# Savage 30 30



## catsraven (Jan 25, 2010)

Just got a Savage 30 30 for hunting. I was so excited to see a savage for sale. Real good price too. I cant wait to go sight it in.


----------



## mosquitomountainman (Jan 25, 2010)

Bolt action or pump? Either one is a fine rifle. I've owned three of the model 340's and every one was a tack driver. Get some extra magazines for faster reloads if you use it for self-defense.


----------



## RevWC (Mar 28, 2011)

Nice Round and a good gun!


----------



## catsraven (Jan 25, 2010)

I plan on getting more magazines for it. It is bolt action. I just need to get some practice on it. Shoots real good. Going to start tomorrow.


----------



## GreyWolfAlpha (Aug 21, 2011)

*Rear Sight Model 340*

Hey Guys,

Need a little help.
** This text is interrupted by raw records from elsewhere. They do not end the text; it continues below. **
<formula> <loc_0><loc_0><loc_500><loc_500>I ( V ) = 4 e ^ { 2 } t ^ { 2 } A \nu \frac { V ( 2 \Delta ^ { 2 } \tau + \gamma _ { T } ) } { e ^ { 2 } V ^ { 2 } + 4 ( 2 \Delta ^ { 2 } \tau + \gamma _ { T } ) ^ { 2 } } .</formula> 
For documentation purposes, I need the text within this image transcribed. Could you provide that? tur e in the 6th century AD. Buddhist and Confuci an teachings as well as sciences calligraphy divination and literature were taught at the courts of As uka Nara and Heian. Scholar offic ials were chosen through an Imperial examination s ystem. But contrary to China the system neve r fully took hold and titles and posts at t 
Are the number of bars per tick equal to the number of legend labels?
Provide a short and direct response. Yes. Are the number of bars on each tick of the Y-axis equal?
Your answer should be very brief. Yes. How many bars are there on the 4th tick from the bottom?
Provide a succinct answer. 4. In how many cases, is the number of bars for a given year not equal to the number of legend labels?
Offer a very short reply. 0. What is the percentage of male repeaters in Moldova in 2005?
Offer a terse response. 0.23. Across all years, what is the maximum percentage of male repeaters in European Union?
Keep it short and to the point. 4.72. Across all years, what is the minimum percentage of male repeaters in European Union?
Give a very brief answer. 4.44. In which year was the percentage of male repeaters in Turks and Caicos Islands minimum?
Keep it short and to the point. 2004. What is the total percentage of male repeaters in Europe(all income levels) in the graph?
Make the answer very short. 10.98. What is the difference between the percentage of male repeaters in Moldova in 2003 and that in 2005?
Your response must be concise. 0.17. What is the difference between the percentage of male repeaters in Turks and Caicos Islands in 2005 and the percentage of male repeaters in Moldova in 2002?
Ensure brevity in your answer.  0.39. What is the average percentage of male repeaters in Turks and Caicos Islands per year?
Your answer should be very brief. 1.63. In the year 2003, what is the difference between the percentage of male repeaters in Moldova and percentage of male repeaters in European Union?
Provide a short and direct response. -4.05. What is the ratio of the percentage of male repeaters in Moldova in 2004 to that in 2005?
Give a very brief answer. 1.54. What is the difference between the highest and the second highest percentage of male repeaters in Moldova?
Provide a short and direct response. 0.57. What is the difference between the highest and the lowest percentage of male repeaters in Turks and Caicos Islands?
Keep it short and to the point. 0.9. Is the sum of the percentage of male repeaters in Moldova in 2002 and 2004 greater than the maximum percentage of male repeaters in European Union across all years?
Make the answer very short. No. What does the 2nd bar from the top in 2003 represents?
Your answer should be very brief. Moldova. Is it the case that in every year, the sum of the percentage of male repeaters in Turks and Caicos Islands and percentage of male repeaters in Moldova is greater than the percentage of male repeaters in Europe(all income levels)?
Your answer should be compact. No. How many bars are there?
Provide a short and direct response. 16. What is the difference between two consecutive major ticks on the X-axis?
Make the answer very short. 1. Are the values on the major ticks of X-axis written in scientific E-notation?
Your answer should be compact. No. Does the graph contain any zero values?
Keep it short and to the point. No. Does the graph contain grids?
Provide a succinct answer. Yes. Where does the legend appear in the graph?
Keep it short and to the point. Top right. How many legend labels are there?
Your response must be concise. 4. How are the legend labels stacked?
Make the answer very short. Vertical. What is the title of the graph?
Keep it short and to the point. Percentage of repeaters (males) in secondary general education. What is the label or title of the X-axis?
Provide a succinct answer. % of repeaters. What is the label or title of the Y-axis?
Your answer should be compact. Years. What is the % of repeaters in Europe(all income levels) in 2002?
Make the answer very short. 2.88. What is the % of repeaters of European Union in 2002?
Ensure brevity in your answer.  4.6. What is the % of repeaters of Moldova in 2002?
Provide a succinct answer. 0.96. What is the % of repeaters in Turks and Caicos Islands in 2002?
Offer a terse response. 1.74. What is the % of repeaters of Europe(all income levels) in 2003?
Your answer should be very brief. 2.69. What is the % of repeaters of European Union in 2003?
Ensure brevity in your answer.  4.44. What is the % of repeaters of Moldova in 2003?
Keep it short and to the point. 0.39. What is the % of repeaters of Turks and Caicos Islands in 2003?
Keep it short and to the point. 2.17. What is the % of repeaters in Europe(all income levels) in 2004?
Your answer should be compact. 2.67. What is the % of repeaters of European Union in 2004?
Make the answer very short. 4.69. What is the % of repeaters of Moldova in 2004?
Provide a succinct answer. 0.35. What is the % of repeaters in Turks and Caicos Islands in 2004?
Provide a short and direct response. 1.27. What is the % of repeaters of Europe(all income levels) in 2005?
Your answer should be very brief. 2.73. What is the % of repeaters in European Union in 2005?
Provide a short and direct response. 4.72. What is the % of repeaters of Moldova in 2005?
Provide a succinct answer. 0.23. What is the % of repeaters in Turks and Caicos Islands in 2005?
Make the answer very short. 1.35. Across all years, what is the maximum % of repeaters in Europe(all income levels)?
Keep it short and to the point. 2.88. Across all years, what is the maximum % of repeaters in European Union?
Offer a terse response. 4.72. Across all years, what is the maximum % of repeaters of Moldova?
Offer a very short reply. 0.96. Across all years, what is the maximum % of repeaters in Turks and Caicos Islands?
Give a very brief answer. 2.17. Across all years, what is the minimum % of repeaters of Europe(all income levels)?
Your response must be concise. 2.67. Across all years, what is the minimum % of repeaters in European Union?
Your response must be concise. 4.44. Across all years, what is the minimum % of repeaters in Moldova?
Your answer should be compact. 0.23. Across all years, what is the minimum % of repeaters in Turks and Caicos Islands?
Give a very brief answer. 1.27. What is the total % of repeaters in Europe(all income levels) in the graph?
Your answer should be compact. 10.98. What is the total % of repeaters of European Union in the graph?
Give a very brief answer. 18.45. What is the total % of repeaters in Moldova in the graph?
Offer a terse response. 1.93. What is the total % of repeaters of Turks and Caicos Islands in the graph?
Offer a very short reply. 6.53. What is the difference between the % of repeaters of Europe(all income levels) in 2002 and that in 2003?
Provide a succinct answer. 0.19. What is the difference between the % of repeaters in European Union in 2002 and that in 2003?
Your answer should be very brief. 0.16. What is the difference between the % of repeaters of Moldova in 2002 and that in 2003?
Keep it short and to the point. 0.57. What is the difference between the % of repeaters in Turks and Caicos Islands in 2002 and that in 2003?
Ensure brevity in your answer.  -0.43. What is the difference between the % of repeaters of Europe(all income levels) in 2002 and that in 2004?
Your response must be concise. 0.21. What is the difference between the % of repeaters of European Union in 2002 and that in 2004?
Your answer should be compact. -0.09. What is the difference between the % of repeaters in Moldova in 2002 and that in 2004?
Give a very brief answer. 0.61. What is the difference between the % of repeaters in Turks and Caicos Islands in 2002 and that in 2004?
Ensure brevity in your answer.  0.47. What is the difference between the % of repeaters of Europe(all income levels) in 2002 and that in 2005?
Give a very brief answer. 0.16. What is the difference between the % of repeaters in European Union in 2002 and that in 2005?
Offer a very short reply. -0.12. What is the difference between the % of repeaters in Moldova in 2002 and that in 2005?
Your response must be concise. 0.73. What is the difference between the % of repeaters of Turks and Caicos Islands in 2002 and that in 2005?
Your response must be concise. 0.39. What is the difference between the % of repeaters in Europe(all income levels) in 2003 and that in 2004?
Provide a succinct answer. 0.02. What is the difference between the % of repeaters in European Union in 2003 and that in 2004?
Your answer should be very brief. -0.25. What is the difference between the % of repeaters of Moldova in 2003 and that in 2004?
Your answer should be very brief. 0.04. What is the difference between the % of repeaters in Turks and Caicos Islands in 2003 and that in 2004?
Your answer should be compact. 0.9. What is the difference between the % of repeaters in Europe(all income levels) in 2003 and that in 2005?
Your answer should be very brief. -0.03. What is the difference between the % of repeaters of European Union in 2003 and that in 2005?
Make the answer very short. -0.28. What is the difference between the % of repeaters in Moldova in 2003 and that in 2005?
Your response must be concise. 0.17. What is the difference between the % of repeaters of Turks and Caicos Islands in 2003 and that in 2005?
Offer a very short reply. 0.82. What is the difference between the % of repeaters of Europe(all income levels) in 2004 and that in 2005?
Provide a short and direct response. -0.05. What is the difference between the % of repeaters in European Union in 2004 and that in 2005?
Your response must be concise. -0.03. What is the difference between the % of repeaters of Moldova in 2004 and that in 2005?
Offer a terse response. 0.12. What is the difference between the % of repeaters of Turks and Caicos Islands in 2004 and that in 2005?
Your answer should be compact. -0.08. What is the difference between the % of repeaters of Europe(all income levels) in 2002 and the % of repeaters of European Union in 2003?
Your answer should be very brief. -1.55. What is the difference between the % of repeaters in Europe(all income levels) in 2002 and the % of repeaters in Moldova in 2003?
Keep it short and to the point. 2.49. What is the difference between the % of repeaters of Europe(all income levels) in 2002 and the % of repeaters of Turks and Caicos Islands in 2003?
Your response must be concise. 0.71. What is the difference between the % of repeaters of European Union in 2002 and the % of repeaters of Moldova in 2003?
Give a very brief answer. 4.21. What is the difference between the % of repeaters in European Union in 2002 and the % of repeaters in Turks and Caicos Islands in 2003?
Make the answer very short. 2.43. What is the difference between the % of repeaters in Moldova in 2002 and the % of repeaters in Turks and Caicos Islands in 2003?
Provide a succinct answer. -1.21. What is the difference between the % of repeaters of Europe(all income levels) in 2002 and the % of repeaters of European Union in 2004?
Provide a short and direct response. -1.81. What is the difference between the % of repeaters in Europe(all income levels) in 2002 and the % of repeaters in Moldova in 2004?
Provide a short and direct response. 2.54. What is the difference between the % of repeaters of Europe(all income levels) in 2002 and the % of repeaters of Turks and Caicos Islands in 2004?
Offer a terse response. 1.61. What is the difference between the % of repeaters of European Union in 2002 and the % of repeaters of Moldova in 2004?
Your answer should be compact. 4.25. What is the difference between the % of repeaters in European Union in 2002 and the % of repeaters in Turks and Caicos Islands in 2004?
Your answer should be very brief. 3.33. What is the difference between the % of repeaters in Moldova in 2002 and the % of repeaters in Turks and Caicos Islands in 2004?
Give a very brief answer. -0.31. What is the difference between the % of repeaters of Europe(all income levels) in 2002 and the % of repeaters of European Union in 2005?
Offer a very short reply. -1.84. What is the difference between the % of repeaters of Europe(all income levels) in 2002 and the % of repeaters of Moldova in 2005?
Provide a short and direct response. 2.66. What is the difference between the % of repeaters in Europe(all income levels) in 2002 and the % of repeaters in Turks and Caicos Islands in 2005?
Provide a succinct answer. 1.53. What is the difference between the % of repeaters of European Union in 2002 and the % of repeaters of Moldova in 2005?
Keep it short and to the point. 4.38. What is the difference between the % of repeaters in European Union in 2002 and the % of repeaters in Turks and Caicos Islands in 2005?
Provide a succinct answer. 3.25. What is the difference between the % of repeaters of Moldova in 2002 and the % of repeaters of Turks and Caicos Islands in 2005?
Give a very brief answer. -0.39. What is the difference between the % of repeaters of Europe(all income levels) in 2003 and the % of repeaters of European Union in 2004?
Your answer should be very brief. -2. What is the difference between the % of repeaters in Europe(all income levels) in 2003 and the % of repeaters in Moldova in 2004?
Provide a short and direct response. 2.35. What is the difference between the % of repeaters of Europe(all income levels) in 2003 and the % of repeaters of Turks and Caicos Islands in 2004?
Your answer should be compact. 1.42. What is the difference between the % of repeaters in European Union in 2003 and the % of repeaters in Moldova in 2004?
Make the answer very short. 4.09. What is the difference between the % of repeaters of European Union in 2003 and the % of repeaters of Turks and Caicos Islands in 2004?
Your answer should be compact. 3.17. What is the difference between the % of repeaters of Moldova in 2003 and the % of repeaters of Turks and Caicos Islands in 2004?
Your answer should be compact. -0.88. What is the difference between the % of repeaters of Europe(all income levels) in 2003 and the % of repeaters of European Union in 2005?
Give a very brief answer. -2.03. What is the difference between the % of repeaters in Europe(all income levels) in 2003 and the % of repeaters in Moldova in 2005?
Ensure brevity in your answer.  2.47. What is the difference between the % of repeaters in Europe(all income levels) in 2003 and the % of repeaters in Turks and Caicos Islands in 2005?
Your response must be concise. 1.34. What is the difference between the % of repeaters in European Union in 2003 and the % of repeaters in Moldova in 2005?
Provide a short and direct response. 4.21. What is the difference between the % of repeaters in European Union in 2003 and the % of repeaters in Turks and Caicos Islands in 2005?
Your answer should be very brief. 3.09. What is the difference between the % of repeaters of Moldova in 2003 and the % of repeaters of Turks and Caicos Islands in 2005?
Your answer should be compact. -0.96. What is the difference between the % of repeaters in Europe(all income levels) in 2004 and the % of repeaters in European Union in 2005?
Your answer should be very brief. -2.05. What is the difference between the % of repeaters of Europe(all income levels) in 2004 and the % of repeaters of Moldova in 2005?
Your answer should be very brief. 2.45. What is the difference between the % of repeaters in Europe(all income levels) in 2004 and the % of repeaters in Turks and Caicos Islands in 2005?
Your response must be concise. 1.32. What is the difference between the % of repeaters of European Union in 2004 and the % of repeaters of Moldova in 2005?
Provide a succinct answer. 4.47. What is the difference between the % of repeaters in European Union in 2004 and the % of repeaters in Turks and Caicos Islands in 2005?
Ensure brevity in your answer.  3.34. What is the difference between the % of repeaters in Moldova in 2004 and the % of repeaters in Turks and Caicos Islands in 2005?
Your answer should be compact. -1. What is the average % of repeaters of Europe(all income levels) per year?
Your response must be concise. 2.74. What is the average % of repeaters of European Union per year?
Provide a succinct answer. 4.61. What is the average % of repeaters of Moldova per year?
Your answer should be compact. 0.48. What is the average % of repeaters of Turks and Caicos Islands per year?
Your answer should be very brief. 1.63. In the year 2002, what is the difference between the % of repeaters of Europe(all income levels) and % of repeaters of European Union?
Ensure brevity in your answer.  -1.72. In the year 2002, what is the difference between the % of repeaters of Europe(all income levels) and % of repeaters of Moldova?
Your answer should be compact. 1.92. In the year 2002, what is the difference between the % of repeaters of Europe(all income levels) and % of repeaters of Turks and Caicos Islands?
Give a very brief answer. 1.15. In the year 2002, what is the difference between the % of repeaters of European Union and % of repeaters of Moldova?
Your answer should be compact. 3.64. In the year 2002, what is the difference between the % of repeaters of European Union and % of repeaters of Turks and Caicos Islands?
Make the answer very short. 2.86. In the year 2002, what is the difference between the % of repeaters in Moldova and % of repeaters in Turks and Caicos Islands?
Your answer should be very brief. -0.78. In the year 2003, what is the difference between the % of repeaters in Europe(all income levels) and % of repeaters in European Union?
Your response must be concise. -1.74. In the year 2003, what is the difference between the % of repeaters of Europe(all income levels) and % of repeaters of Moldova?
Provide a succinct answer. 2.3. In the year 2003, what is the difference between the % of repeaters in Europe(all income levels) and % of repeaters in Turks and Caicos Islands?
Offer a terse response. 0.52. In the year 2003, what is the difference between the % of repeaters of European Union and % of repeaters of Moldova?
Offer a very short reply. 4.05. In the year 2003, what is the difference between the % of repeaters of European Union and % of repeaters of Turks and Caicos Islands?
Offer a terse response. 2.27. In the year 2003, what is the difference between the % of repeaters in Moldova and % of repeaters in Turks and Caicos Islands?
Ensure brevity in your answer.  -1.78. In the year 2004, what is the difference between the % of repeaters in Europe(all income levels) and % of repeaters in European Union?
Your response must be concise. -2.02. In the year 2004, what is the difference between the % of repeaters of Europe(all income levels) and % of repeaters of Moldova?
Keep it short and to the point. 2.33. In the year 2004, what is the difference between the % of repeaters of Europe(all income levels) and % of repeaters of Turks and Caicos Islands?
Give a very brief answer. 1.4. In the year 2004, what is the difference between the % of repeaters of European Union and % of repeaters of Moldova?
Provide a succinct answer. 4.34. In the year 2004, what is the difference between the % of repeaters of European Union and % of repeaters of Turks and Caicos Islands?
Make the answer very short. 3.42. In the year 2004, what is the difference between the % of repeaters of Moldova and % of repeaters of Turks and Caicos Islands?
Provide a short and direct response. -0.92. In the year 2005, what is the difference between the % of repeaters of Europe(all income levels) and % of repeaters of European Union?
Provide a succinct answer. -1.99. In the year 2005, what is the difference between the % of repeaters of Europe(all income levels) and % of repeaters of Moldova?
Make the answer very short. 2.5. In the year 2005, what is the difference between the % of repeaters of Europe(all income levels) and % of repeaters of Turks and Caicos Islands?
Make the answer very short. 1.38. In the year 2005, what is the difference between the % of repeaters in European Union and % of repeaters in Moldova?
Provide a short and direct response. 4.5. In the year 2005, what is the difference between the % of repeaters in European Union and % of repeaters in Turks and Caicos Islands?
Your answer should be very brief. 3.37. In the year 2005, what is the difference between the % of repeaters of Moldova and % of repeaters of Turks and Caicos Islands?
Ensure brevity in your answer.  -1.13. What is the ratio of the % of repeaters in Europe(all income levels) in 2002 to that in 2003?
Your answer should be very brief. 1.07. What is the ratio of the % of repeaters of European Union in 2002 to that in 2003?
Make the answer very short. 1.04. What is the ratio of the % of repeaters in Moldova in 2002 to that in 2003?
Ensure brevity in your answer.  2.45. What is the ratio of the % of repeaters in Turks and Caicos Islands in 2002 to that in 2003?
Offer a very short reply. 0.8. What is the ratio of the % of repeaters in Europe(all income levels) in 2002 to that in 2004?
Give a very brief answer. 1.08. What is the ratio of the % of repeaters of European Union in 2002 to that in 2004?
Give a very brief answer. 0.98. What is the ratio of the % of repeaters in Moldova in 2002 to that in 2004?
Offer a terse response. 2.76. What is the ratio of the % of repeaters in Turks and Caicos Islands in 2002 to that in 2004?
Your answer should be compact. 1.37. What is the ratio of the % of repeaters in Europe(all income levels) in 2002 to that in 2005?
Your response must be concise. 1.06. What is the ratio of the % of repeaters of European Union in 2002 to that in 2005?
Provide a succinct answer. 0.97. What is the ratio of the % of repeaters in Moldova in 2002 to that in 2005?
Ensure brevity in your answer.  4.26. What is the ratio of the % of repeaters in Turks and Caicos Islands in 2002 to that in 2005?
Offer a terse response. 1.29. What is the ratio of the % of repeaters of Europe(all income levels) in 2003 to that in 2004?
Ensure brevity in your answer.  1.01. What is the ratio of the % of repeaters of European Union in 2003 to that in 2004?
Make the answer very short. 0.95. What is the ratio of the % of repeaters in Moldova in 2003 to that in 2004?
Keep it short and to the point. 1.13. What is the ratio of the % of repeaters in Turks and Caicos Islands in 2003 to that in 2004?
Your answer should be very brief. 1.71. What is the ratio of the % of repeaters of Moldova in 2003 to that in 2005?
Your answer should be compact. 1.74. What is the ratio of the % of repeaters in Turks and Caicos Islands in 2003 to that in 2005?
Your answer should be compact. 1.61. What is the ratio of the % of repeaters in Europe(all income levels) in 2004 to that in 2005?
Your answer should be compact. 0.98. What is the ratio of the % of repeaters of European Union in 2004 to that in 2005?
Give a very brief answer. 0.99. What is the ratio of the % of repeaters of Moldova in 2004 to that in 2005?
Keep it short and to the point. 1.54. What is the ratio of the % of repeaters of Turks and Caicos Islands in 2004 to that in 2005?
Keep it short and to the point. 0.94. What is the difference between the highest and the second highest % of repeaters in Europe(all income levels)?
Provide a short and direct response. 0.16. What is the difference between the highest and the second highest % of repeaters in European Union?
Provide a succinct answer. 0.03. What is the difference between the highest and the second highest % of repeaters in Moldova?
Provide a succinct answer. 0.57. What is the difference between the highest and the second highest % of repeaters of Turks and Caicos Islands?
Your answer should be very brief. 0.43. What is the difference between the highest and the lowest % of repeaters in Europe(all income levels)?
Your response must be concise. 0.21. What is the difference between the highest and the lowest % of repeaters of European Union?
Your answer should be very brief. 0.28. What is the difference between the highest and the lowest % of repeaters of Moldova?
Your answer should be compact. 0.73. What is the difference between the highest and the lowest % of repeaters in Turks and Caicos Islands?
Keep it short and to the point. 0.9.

I have a model 340 that I inherited from my Father. The old sight was the Dockendorf that had the wheel to adjust for elevation. That sight broke long ago and my Father had it replaced with the leaf type.

Does anyone know where to find this type of sight? I would love to restore it.

My Father bought this rifle while in the Army stationed in West Germany for $90 at the post exchange and yes this was years ago. In the Sixties I believe.

If you need a pic of the sight I attach it if need be.

I'm going to take it hunting for the first time in years. I think it would make my Father smile.

Thanks for any help. I have looked for a few years and most of the gunsmiths in my are don't know what I'm talking about.


----------



## SnakeDoc (Nov 10, 2009)

Lyman should make a similar peep type sight for that rifle.


----------